As she went in for a series of jabs, she recalled how, prior to her trip to Quantico, she’d often wake up covered in perspiration, breathing heavily, trying to remind herself that she was safe in Los Angeles and not back in a small cabin in the Missouri Ozarks, tied to a chair, watching blood drip from the slowly freezing body of her dead mother.
If only that had just been a dream too. But it was all real. When she was six years old and her parents’ marriage was on the rocks, her father had taken her and her mother to his remote cabin. While there, he revealed that he’d been abducting, torturing, and killing people for years. And then he did the same to his own wife, Carrie Thurman.
As he manacled her hands to the ceiling beams of the cabin and intermittently stabbed her with a knife, he made Jessie—then Jessica Thurman—watch. He tied her arms to a chair and taped her eyelids open as he finally cut her mother open for good.
Then he used the same knife to slice a large gash across his own daughter’s collarbone from her left shoulder to the base of her neck. After that, he simply left the cabin. It was three days later when, hypothermic and in shock, she was discovered by two hunters who had just happened by.
After she recovered, she told the police and FBI the story. But by then, her dad was long gone and any hope of catching him was gone with it. Jessica was put into Witness Protection in Las Cruces with the Hunts. Jessica Thurman became Jessie Hunt and a new life began.
Jessie shook the memories out of her head, switching from jabs to knee kicks intended for an attacker’s groin.

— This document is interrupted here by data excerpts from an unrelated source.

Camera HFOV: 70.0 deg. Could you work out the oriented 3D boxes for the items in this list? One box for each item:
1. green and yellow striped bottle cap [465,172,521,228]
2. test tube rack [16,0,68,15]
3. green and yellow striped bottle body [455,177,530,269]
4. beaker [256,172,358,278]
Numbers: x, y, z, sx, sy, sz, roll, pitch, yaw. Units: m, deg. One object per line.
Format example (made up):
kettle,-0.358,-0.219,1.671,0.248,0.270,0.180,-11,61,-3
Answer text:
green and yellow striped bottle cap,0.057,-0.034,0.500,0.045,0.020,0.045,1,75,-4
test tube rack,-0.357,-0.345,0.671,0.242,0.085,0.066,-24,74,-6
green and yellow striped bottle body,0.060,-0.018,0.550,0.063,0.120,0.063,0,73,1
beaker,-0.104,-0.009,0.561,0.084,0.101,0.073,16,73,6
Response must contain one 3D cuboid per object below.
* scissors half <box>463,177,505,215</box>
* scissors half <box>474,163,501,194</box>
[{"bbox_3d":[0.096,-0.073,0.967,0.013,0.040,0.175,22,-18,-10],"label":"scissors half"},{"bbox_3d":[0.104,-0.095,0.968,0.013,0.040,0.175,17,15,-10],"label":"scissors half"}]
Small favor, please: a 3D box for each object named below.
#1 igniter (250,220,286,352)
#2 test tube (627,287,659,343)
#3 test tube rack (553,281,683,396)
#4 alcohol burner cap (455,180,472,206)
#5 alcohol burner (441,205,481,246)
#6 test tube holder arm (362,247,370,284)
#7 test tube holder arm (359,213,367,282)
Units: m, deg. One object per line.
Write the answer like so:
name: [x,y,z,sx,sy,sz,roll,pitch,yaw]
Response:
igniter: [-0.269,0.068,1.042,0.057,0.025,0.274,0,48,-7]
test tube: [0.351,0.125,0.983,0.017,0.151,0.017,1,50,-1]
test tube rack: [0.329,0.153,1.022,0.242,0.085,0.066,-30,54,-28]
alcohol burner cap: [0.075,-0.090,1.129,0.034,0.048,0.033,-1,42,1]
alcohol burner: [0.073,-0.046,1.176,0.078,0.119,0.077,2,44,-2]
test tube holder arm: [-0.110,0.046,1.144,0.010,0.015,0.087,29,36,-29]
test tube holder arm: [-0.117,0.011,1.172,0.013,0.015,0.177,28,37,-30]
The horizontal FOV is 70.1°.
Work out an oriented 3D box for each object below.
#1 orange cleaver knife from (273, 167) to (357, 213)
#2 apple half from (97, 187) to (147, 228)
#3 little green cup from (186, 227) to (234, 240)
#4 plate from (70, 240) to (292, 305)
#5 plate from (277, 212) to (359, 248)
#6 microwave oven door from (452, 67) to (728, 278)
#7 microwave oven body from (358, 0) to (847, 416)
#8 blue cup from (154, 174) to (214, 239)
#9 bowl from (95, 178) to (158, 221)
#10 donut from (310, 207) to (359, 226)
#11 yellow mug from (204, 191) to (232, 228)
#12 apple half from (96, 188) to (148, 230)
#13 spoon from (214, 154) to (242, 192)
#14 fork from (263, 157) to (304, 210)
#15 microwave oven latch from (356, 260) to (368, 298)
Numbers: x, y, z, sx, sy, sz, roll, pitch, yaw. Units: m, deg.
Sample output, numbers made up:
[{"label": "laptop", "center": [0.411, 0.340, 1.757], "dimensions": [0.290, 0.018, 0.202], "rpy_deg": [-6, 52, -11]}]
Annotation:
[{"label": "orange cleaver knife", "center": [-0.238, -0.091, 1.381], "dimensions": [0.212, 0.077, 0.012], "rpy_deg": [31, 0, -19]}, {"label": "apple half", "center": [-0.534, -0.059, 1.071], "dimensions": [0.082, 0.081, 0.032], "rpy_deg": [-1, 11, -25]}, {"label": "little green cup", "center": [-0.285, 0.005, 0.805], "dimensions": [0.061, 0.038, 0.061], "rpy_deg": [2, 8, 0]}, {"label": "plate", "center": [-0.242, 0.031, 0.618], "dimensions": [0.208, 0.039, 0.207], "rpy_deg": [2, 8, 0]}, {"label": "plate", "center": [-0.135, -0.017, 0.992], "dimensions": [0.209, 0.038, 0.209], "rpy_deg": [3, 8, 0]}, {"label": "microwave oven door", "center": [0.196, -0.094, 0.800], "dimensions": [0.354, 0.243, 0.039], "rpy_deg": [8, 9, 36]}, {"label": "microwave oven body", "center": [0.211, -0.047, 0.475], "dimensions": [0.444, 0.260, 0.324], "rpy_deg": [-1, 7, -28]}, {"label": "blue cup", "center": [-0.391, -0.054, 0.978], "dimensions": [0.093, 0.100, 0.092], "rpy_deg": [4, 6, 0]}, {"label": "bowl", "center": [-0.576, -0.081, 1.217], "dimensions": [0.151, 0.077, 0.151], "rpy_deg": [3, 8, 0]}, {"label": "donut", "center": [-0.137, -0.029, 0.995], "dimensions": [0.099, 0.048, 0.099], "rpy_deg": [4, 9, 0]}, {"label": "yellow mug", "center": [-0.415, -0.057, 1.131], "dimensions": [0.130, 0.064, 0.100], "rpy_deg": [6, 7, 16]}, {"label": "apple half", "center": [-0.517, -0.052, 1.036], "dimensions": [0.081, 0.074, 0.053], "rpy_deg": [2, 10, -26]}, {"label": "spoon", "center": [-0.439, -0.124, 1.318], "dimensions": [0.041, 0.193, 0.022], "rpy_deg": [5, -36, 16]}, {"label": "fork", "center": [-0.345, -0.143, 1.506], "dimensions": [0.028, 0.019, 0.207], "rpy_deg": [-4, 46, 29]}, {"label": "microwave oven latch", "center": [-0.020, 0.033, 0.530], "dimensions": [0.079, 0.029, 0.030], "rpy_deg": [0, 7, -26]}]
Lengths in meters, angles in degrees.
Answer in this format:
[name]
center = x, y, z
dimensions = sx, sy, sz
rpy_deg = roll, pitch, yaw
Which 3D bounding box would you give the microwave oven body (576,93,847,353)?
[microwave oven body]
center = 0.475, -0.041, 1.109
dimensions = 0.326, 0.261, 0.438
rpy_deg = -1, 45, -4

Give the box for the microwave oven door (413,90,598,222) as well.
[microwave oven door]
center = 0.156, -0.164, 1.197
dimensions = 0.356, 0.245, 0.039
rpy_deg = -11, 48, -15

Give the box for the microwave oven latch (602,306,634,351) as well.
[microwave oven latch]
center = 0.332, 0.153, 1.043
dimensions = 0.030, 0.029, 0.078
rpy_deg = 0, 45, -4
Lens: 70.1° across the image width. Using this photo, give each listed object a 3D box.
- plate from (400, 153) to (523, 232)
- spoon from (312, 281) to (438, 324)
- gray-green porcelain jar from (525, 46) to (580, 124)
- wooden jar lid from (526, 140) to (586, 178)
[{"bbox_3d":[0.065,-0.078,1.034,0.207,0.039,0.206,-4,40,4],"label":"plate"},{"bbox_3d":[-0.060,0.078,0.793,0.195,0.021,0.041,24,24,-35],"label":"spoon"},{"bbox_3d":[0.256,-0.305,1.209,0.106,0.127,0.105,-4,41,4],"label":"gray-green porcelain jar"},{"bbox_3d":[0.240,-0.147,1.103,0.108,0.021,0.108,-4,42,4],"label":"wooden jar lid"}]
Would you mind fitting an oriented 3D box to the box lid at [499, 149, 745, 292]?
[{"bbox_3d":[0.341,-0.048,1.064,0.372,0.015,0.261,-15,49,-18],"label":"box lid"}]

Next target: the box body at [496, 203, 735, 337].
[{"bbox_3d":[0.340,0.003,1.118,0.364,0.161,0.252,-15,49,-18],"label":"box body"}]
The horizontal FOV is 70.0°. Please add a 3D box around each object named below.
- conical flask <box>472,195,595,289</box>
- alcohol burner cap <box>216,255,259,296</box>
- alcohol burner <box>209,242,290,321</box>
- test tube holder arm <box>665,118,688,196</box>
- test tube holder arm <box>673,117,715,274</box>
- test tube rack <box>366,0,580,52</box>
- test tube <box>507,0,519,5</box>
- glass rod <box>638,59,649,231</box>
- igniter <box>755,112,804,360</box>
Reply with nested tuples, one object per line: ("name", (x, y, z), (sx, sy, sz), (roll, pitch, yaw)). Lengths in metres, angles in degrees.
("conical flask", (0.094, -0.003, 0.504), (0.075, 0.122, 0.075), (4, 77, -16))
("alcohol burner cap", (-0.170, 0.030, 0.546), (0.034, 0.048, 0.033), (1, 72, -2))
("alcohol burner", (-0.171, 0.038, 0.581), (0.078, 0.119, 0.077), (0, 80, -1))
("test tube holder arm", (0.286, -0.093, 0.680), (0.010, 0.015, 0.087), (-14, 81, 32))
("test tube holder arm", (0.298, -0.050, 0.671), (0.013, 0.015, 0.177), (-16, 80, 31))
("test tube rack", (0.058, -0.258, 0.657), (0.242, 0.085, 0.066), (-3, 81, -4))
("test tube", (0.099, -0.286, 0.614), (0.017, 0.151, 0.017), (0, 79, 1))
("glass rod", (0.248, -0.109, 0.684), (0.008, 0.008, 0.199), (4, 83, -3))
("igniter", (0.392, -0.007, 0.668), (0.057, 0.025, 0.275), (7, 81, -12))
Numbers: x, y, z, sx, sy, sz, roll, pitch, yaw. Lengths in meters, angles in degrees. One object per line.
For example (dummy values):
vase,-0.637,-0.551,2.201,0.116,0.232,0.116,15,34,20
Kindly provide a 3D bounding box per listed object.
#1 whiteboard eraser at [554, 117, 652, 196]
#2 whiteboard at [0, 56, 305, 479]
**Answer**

She embraced the ache in her quad as she slammed it upward. With each blow, the image of her mother’s pale, lifeless skin faded.
Then another memory popped into her head, that of her former husband, Kyle, attacking her in their own home, trying to kill her and frame her for the murder of his mistress. She could almost feel the sting of the fireplace poker he jammed into the left side of her abdomen.
The physical pain of that moment was only matched by the humiliation she still felt at having spent a decade involved with a sociopath and never realizing it. She was, after all, supposed to be an expert at identifying these kinds of people.
Jessie switched it up again, hoping to push the shame out of her mind with a series of elbow shots to the bag near where an assailant’s jaw would be. Her shoulders were starting to shout at her in displeasure but she continued pummeling the bag, knowing that her mind would soon be too tired to be distressed.
This was the part of herself she hadn’t expected to discover at the FBI—the physical badass. Despite the standard apprehension she felt when she arrived, she had suspected she’d do well on the academic side of things. She had just spent the previous three years in that environment, immersed in criminal psychology.